There are three different datasets with different format versions, compressions, or number of bits to represent probability values.

  • example.*.bgen: imputed genotypes.
  • haplotypes.bgen: phased haplotypes.
  • complex.*.bgen: includes imputed genotypes and phased haplotypes, and multiallelic genotypes.

Some of the .bgen files are indexed with .bgen.bgi files:

Glob.glob("*.bgen.bgi", BGEN.datadir())
4-element Vector{String}:
 "/Users/kose/.julia/dev/BGEN/src/../data/complex.bgen.bgi"
 "/Users/kose/.julia/dev/BGEN/src/../data/example.16bits.bgen.bgi"
 "/Users/kose/.julia/dev/BGEN/src/../data/example.8bits.bgen.bgi"
 "/Users/kose/.julia/dev/BGEN/src/../data/haplotypes.bgen.bgi"

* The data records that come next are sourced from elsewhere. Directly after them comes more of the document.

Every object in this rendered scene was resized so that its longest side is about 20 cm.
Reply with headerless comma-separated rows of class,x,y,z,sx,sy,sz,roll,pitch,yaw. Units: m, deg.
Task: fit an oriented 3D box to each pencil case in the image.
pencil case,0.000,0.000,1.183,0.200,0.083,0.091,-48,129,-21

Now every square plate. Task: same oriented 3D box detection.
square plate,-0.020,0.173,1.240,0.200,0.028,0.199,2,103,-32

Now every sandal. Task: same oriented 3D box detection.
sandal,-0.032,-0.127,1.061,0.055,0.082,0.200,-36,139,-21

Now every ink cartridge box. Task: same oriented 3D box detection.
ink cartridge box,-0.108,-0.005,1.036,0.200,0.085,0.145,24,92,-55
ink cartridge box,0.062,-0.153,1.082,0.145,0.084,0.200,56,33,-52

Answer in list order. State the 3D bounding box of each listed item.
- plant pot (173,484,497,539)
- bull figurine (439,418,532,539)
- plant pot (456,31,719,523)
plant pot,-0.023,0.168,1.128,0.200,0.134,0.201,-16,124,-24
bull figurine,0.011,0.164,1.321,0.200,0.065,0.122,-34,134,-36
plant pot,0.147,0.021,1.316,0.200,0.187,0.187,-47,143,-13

Sample identifiers may be either contained in the .bgen file, or is listed in an external .sample file.

Glob.glob("*.sample", BGEN.datadir())
2-element Vector{String}:
 "/Users/kose/.julia/dev/BGEN/src/../data/complex.sample"
 "/Users/kose/.julia/dev/BGEN/src/../data/example.sample"

Type Bgen

The type Bgen is the fundamental type for .bgen-formatted files. It can be created using the following line.

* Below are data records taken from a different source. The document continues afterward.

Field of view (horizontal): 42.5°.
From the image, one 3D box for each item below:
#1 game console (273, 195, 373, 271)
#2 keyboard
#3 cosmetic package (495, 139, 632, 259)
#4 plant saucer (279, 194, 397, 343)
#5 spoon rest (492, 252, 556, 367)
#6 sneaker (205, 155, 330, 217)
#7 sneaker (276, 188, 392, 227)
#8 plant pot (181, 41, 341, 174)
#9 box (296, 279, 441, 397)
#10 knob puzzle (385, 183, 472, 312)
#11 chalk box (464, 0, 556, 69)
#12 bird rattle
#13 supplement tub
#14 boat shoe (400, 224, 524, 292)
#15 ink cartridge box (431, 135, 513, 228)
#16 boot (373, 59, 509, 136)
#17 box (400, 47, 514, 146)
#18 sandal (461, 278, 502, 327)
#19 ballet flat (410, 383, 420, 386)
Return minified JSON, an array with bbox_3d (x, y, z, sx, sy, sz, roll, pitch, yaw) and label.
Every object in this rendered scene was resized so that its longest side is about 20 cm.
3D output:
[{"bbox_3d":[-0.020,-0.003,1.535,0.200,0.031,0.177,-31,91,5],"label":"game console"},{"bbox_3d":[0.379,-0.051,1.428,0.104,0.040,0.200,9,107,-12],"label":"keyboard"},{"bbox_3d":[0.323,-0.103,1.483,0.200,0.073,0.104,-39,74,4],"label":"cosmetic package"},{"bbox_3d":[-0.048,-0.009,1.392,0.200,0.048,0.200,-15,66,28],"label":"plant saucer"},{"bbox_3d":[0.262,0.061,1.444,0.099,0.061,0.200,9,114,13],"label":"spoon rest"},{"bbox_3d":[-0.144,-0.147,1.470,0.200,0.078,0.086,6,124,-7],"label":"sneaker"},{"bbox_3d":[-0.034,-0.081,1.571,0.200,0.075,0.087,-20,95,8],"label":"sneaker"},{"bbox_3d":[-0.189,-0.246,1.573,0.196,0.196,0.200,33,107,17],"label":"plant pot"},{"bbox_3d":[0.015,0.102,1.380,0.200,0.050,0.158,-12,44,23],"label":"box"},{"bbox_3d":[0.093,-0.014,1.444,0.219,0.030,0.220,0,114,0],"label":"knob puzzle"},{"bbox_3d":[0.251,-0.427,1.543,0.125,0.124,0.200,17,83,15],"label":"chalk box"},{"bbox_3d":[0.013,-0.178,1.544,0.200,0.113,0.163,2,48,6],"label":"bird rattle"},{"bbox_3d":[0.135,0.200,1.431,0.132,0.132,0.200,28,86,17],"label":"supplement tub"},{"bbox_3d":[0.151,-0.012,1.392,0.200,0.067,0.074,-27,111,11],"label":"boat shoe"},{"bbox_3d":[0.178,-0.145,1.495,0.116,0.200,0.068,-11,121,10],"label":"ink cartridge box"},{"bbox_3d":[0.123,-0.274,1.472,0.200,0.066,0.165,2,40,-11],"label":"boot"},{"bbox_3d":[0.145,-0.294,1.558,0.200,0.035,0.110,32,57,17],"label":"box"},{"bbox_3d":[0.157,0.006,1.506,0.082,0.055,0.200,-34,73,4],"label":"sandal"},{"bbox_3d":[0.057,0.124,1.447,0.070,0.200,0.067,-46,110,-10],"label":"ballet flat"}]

b = Bgen(BGEN.datadir("example.8bits.bgen"); 
    sample_path=BGEN.datadir("example.sample"), 
    idx_path=BGEN.datadir("example.8bits.bgen.bgi"))
Bgen(IOStream(<file /Users/kose/.julia/dev/BGEN/src/../data/example.8bits.bgen>), 0x000000000001f6ea, BGEN.Header(0x0000178c, 0x00000014, 0x000000c7, 0x000001f4, 0x01, 0x02, true), ["sample_001", "sample_002", "sample_003", "sample_004", "sample_005", "sample_006", "sample_007", "sample_008", "sample_009", "sample_010"  …  "sample_491", "sample_492", "sample_493", "sample_494", "sample_495", "sample_496", "sample_497", "sample_498", "sample_499", "sample_500"], Index("/Users/kose/.julia/dev/BGEN/src/../data/example.8bits.bgen.bgi", SQLite.DB("/Users/kose/.julia/dev/BGEN/src/../data/example.8bits.bgen.bgi"), UInt64[], String[], String[], UInt32[]))

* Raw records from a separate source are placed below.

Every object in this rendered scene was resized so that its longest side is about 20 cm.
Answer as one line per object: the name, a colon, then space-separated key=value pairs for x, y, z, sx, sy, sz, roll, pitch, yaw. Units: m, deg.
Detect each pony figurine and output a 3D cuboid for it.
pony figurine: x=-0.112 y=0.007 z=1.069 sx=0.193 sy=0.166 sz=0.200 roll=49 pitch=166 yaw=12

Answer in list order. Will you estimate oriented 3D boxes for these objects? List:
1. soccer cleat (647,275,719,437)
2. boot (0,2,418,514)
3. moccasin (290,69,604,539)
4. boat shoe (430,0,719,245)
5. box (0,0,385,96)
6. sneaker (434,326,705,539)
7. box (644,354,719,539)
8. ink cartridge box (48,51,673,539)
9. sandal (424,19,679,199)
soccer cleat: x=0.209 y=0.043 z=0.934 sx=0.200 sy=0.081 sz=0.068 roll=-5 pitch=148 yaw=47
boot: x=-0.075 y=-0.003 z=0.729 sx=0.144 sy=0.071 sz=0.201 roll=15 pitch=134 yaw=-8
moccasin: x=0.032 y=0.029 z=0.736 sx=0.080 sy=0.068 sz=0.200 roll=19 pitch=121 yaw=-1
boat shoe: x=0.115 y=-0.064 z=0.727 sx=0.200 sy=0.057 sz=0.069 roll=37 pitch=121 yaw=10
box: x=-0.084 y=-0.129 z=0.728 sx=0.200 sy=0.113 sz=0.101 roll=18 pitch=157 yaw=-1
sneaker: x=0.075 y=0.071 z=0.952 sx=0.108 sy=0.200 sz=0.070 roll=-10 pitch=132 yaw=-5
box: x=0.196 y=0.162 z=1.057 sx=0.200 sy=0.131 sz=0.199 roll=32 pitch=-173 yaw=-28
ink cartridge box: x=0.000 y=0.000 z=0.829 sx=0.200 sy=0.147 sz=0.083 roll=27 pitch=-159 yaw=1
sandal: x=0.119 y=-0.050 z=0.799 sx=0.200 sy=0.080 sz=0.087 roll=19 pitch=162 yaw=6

The first argument is the path to the .bgen file. The optional keyword argument sample_path defines the location of the .sample file. The second optional keyword argument idx_path determines the location of .bgen.bgi file.

When a Bgen object is created, information in the header is parsed, and the index files are loaded if provided. You may retrieve basic information as follows. Variants are not yet parsed, and will be discussed later.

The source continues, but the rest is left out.